I then headed to __vdso_clock_gettime() in the Linux kernel where things finally became clear. It turns out the vdso code ITSELF will generate an actual system call for many timers you can request. In fact, this happens for all cases except CLOCK_REALTIME, CLOCK_MONOTONIC, CLOCK_REALTIME_COARSE and CLOCK_MONOTONIC_COARSE (as of Linux 3.13 up to 4.11-rc3).
So that solved the mystery: the vDSO stuff was working, but it was itself causing an old fashioned system call. Perhaps the other timers are too difficult (or perhaps even impossible) to supply from the userspace context.
Now that I knew what the problems was, I found lots of other places noting issues with clock_gettime() performance, for example here and there, and other people have written some harsh words about CLOCK_MONOTONIC_RAW that we attempted to use.

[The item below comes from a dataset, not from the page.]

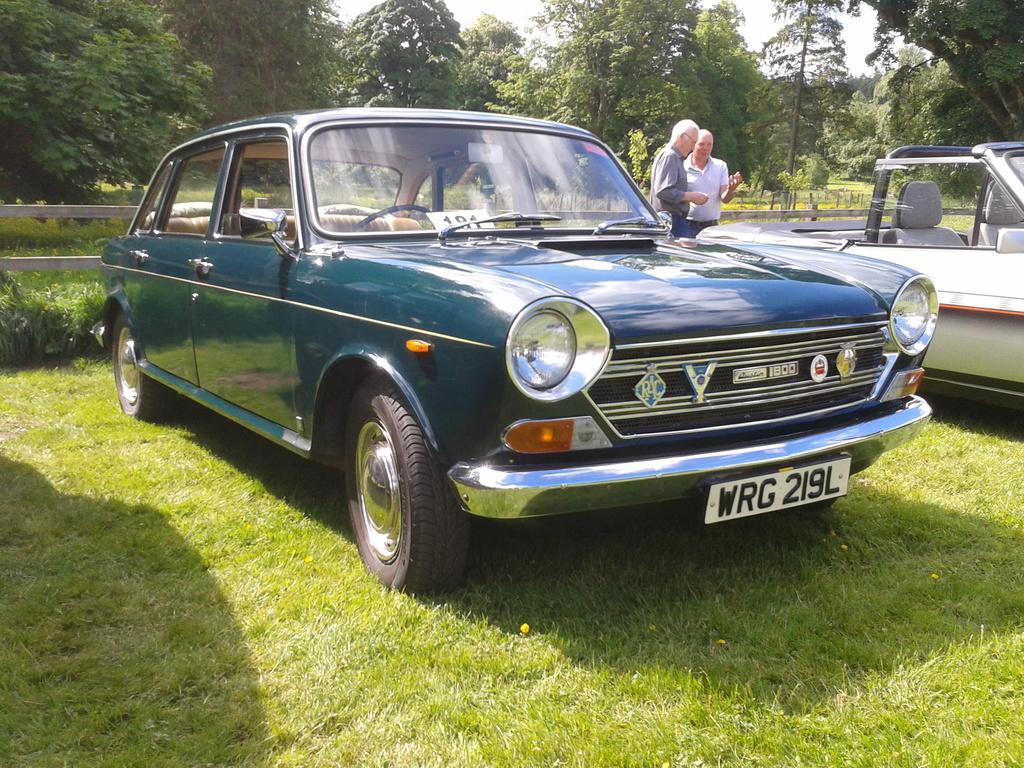How would you summarize this image in a sentence or two? Here we can see two cars on the grass. In the background there are two men standing at the cars,trees,fence and sky.

It is my hope that the next person to run into this will find this blogpost before spending half a day learning about vDSO. Good luck!
On skylake cores, the vdso times out and always calls the syscall (tested in 4.9.54) since it wants to talk to the hypervisor (that isn't there). disable virtualization and the cycles count for clock_gettime() drops from 6900 cycles to 59 cycles.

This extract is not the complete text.